According to the NCRB data, over 19,000 cases of crimes against children were reported in 2016 from the top 19 metropolitan cities – including crimes like child trafficking and abetment of suicide.

Priyanka Kanoongo, a member of the National Commission for Protection of Child Rights told Scroll that there are at least 18 separate Central laws and guidelines (including some national ones) governing safety of children across the country. In addition, state governments, including that of Delhi have issued their own guidelines regulating safety, especially in schools. Now that begs a few questions:

  • If there are laws, why is there such faulty implementation?
  • Is there enough awareness among parents and schools across India regarding laws guarding children?
  • Are societal prejudices causing parents to turn a blind eye to the signs of harassment or sexual abuse?
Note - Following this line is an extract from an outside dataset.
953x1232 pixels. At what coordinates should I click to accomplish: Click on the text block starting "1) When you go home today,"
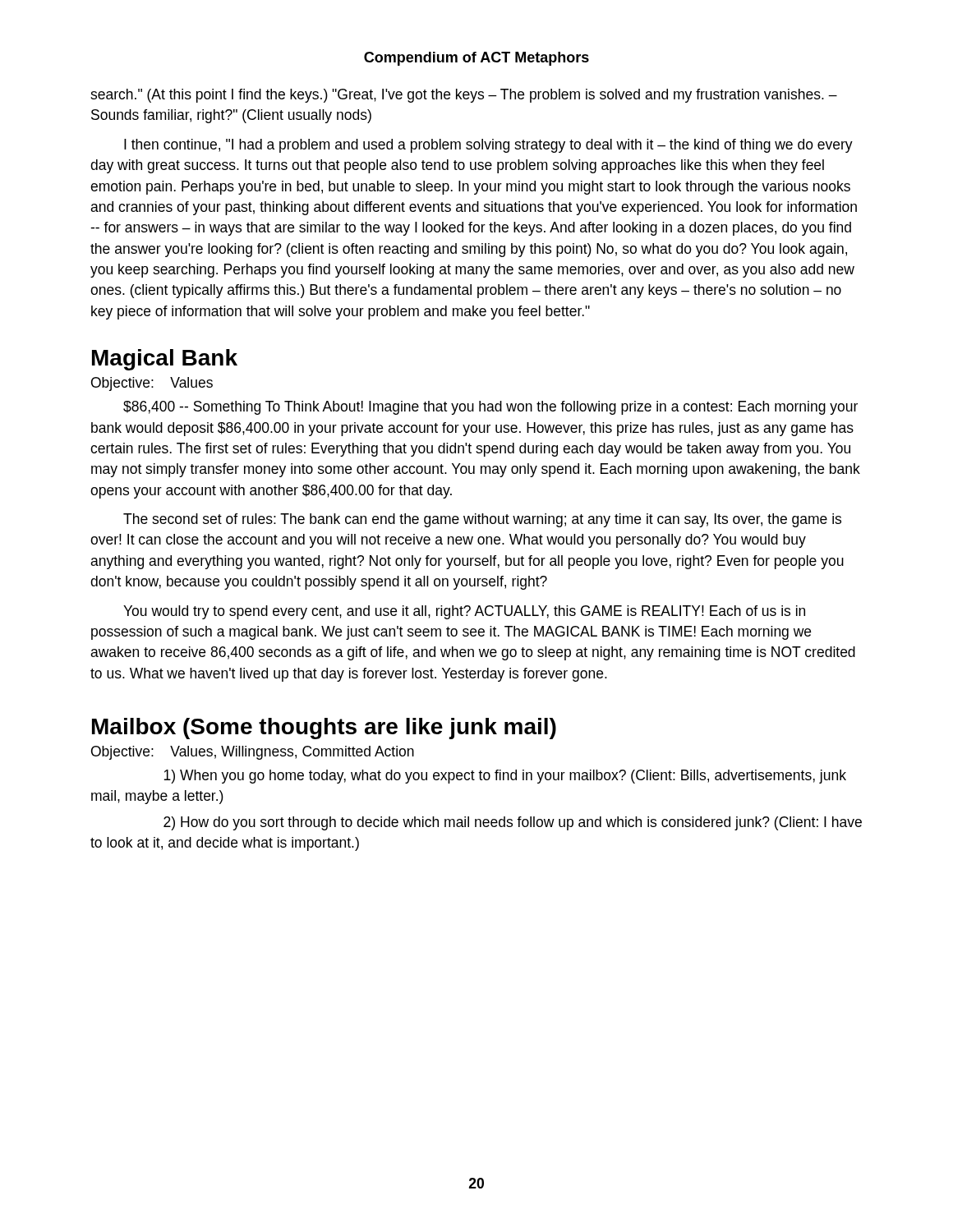coord(468,786)
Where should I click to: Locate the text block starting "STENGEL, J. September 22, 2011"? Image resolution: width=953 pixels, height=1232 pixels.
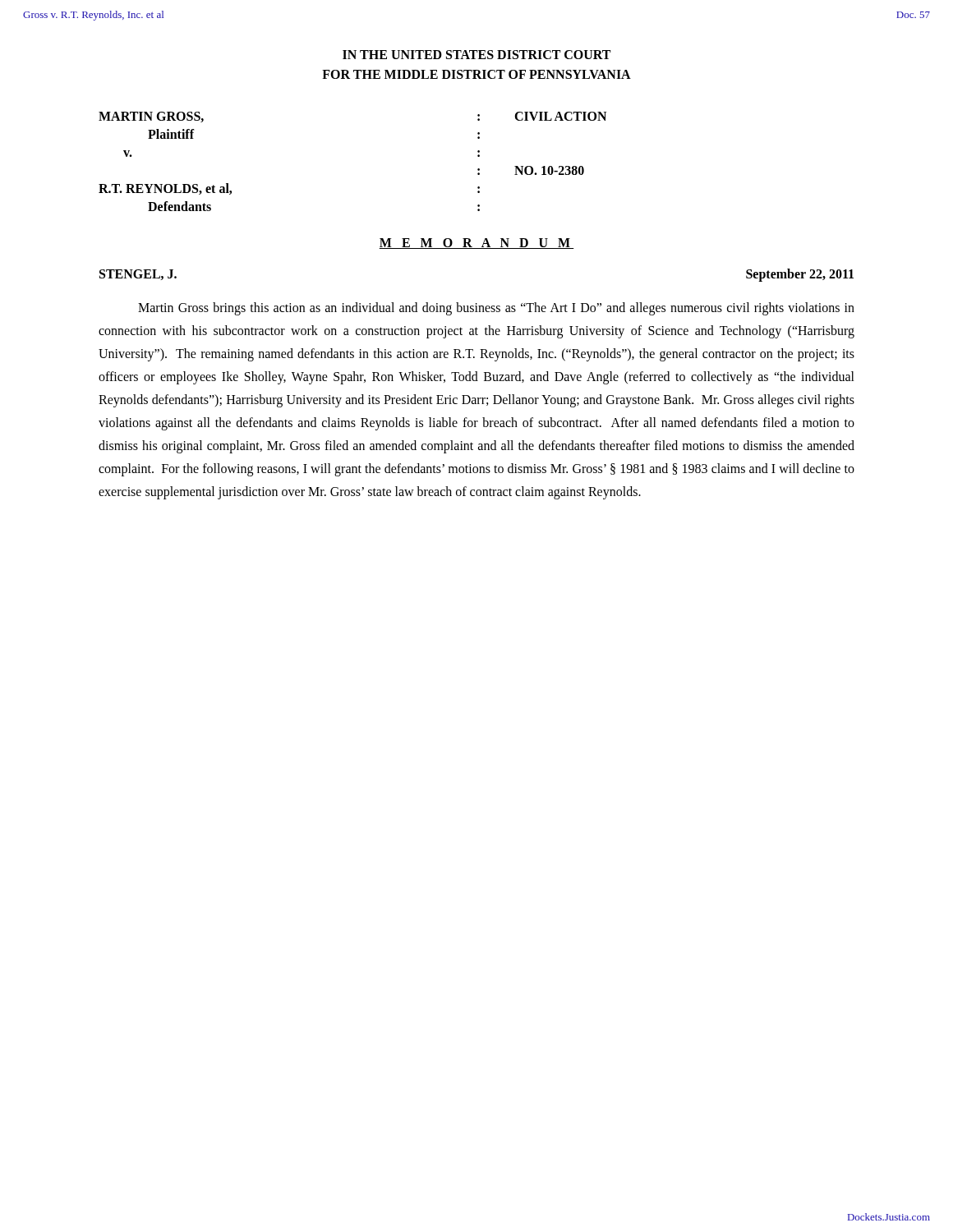(129, 275)
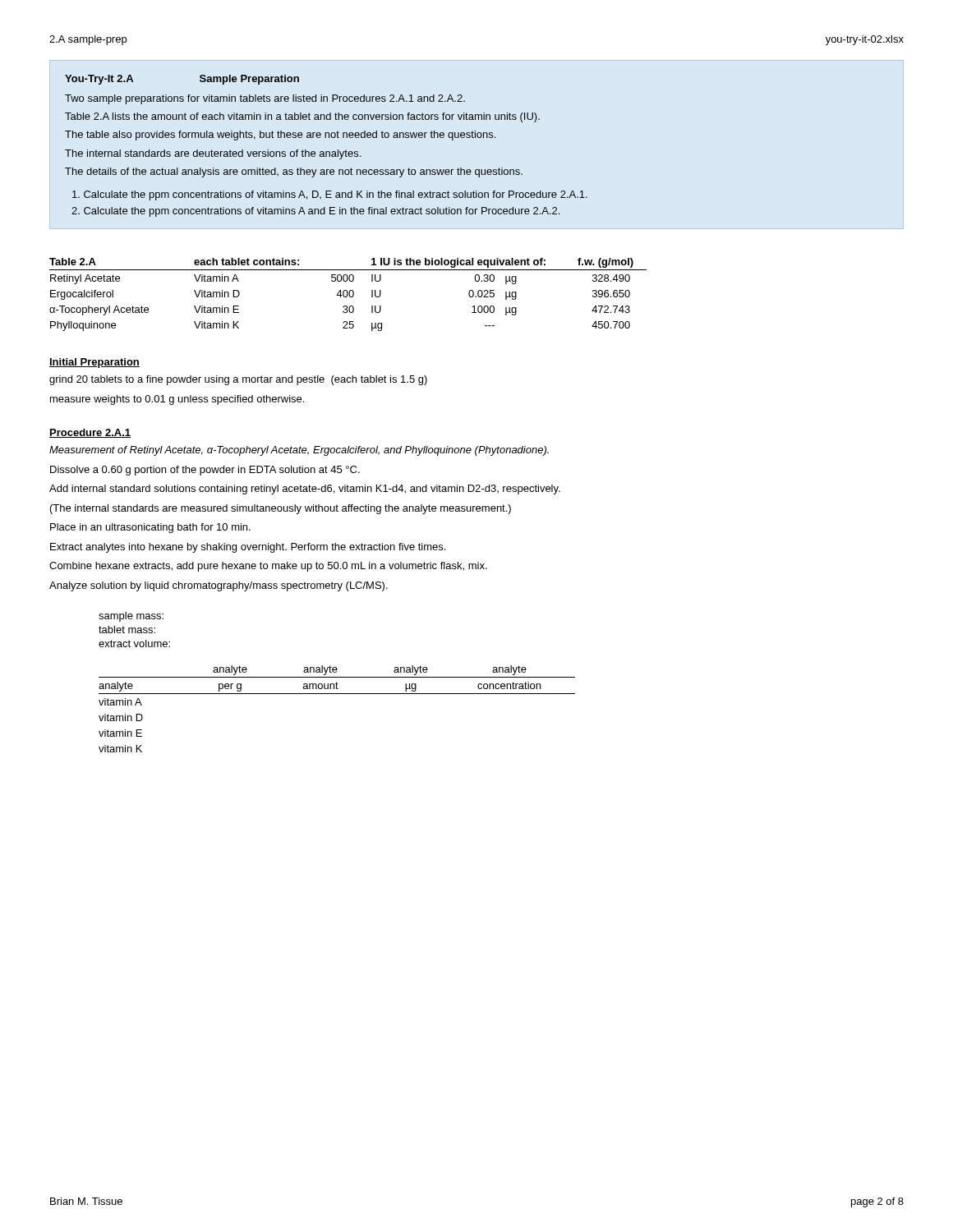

A thousand other questions can be asked here, to the authorities as well as parents and caretakers. But it is important to understand that those who commit these crimes continue to take advantage of the innocence of the child.

As Chandrashekar SV – of the School of Criminology and Criminal Justice, Rani Channamma University, Karnataka – states in research on crimes against children in India, published in the International Research Journal of Social Sciences journal:

Children are so innocent in nature; this innocence can be misused by others.Especially, when offences take place it is shameful, and society hates it. There is threat in the mind set of society members, which impacts on parents psychologically as well as socially.

The shocking numbers revealed by the NCRB only aggravate the worries of parents across the country, especially in the metropolitan cities. In a country where sex education is still a taboo, it’s high time that schools introduce subjects to educate children about their own safety, both within and outside the school premises.